I don't think you can do it. Any formula must take both entropy and energy into account or it'll allow for the creation of perpetual motion machines. And given the units, there's only one way to combine them: T=dQ/dS.

Propose a different formula that meets the same basic constraints and we'll all think you very clever.

- Dr. Trintignant

 

[Dr. Trintignant]

For anyone willing to answer, my question is: If a system is in thermal equilibrium, why would T be equivalent to the partial derivatives shown in a situation where there should be no change (isn't that what thermal equilibrium means?)?

Well, we can speak of derivatives even if there is no actual change happening. So that equation just means that if you were to inject a small amount of energy dQ, the entropy dS would change by dQ/T. Just like a spring and weight in static equilibrium will displace by -F/k if you apply a small additional force.

- Dr. Trintignant

 

[Ziggurat]

For anyone willing to answer, my question is: If a system is in thermal equilibrium, why would T be equivalent to the partial derivatives shown in a situation where there should be no change (isn't that what thermal equilibrium means?)?
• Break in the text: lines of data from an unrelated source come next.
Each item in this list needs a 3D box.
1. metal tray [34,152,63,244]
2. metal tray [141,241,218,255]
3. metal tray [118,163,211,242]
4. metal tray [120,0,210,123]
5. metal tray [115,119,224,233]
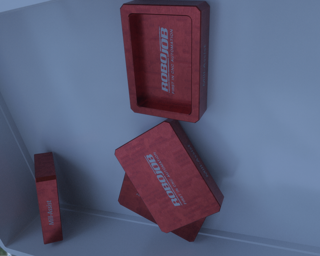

Thermal equilibrium is defined as the maximum of the total entropy. For two systems in thermal contact, if energy moves from one system to another, the entropy of each subsystem will likely change, but at thermal equilibrium, we're at a maximum of the combined entropy, so the derivative of the combined entropy with respect to energy flow between the subsystems will be zero. That defines our maximum: where the derivative of the total is zero with respect to energy flow within the system. But since the total entropy is simply the sum of the sub-entropies, this means that any entropy gained by one subsystem must be matched by an equal loss in the other subsystem. This will happen when their derivatives of S with respect to E are equal: I move a tiny bit of energy dE out of system 1, and decrease the entropy by (dS₁/dE)*dE, and that tiny bit of energy goes into system 2, increasing its total entropy by (dS₂/dE)*dE. So the derivatives must match. That means the temperatures (the inverse of the derivative) must also match at thermal equilibrium.

 

[Michael Mozina]

I don't know that I can add anything that Ben, Sol, and Zig have already, but...



Fortunately, no one has claimed that there is ever an infinite amount of energy involved.
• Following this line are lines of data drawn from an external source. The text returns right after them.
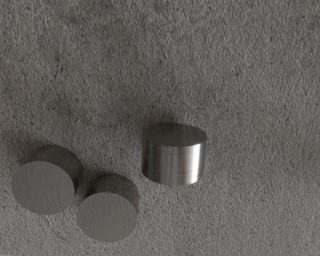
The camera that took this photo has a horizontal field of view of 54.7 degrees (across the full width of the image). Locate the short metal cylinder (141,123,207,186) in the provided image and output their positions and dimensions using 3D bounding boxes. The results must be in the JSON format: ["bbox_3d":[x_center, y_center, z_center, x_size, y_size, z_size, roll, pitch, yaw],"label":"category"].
[{"bbox_3d":[0.017,0.030,0.392,0.081,0.080,0.050,2,110,-1],"label":"short metal cylinder"}]

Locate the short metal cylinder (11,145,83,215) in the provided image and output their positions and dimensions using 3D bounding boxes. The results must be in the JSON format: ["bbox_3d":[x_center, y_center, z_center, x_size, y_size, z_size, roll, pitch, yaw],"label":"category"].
[{"bbox_3d":[-0.150,0.070,0.421,0.081,0.050,0.079,0,110,0],"label":"short metal cylinder"}]

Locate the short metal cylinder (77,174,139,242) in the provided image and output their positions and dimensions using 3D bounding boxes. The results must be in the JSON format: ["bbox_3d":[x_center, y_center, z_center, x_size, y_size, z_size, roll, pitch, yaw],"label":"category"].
[{"bbox_3d":[-0.071,0.112,0.437,0.081,0.050,0.079,0,110,0],"label":"short metal cylinder"}]

I guess I need to see you get to a "greater than infinite" temperature with a very "finite' amount of EM energy (a few photons). I'll need to you identify the atom, or subatomic particle in question that you believe achieves an 'infinite+" energy state.

Temperature is defined as change in thermal energy divided by change in entropy. The change in energy is, of course, always finite. The change in entropy is always positive for atomic motion, but may be zero or negative for other systems. Temperature than thus be infinite or above.
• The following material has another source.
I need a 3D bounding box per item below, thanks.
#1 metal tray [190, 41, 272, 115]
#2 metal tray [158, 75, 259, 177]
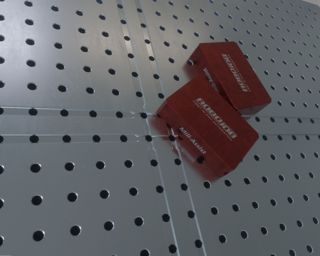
[{"bbox_3d":[0.118,-0.084,0.519,0.091,0.030,0.130,-13,69,-33],"label":"metal tray"},{"bbox_3d":[0.071,-0.006,0.446,0.130,0.030,0.090,46,51,4],"label":"metal tray"}]

You can try quibbling with the definition, but good luck creating a new one that:
1) Works the way we expect for normal hot and cold objects.
2) Doesn't break the laws of thermodynamics.

I don't think you can do it. Any formula must take both entropy and energy into account or it'll allow for the creation of perpetual motion machines. And given the units, there's only one way to combine them: T=dQ/dS.

Propose a different formula that meets the same basic constraints and we'll all think you very clever.

- Dr. Trintignant

I think before I try to quibble over the formula itself, I'd like to see you or sol or Zig use your own definition to achieve an infinite+ temperature and I'll need you to identify the particle you believe achieves that temp.

 

[sol invictus]

I guess I need to see you get to a "greater than infinite" temperature with a very "finite' amount of EM energy (a few photons). I'll need to you identify the atom, or subatomic particle in question that you believe achieves an 'infinite+" energy state.

Can you spot the problem in what you wrote, Michael? I've helpfully bolded two words.

I think before I try to quibble over the formula itself, I'd like to see you or sol or Zig use your own definition to achieve an infinite+ temperature and I'll need you to identify the particle you believe achieves that temp.

Particles don't have a temperature, Michael. Temperature is a property of ensembles, not of individual particle.